Principle of  Novobiocin Susceptibility Test

  • Uropathogenic S. saprophyticus is intrinsically resistant to the novobiocin and causes acute, uncomplicated urinary tract infections, especially in young and middle-aged female patients.
  • Antibiotic novobiocin prevents bacteria from completing their cell cycle by interfering with DNA replication. It inhibits adenosine triphosphatase (ATPase) activity by binding to DNA gyrase.
  • S. saprophyticus can be reliably presumed to be present when screening organisms from urine cultures for novobiocin resistance based on the following characteristics: non hemolytic on blood agar; coagulase-negative; Gram response; presence of Gram-positive cocci in single, pair, and cluster.
  • A novobiocin disc is allowed to reach ambient temperature.

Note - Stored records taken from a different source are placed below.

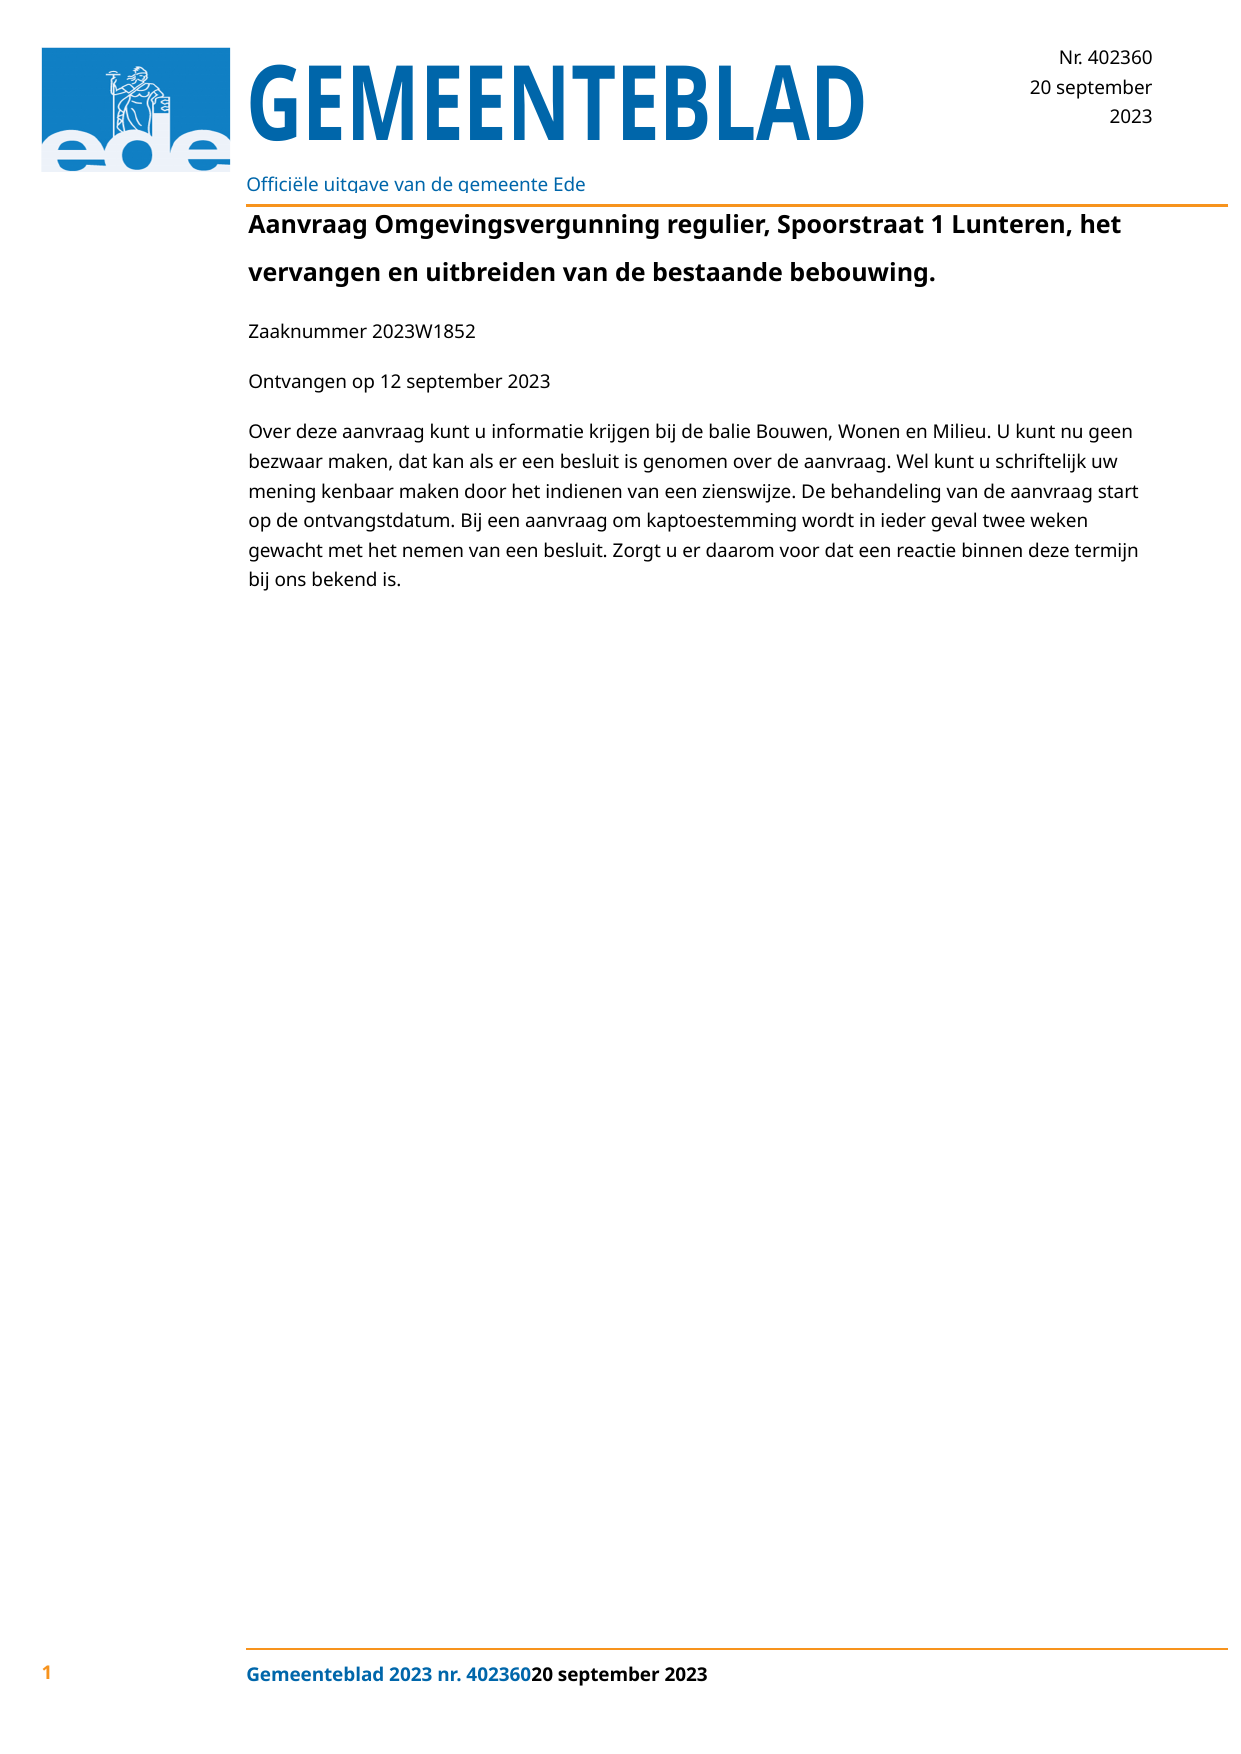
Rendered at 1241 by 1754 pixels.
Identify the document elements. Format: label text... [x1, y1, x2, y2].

picture [41, 47, 231, 172]
text Ontvangen op 12 september 2023 [248, 368, 1152, 394]
text Over deze aanvraag kunt u informatie krijgen bij de balie Bouwen, Wonen en Milieu. U kunt nu geen bezwaar maken, dat kan als er een besluit is genomen over de aanvraag. Wel kunt u schriftelijk uw mening kenbaar maken door het indienen van een zienswijze. De behandeling van de aanvraag start op de ontvangstdatum. Bij een aanvraag om kaptoestemming wordt in ieder geval twee weken gewacht met het nemen van een besluit. Zorgt u er daarom voor dat een reactie binnen deze termijn bij ons bekend is. [248, 419, 1152, 592]
text Aanvraag Omgevingsvergunning regulier, Spoorstraat 1 Lunteren, het vervangen en uitbreiden van de bestaande bebouwing. [248, 207, 1152, 288]
text Zaaknummer 2023W1852 [248, 318, 1152, 344]

A pure 18-24 hour culture is used to generate a suspension in Tryptic Soy Broth, Sterile Water, or Brain Heart Infusion (BHI) Broth that is equivalent to a McFarland 0.5 opacity standard.
  • Confluent growth is achieved by inoculating a Mueller Hinton agar plate with a sterile swab containing the organisms of interest.
  • An inoculated agar disc is placed on top and gently pressed down to make full contact with the medium.
  • At the end of the 18-24 hour aerobic incubation at 35-37 degrees Celsius, the size of the zone of inhibition around the disc can be measured and recorded as either susceptible or resistant.
  • A sensitive zone of inhibition is larger than 16 mm, while a resistant zone of inhibition is smaller than or equal to 16 mm.

Test organism

  • Isolated colonies of gram-positive cocci in clusters that are catalase-positive and coagulase-negative should be tested. Usually, these colonies are found in the urine of sexually active young women.
  • All of the colonies should be taken from a plate of blood agar, and the growth should be less than 24 hours old, ideally between 15 and 18 hours.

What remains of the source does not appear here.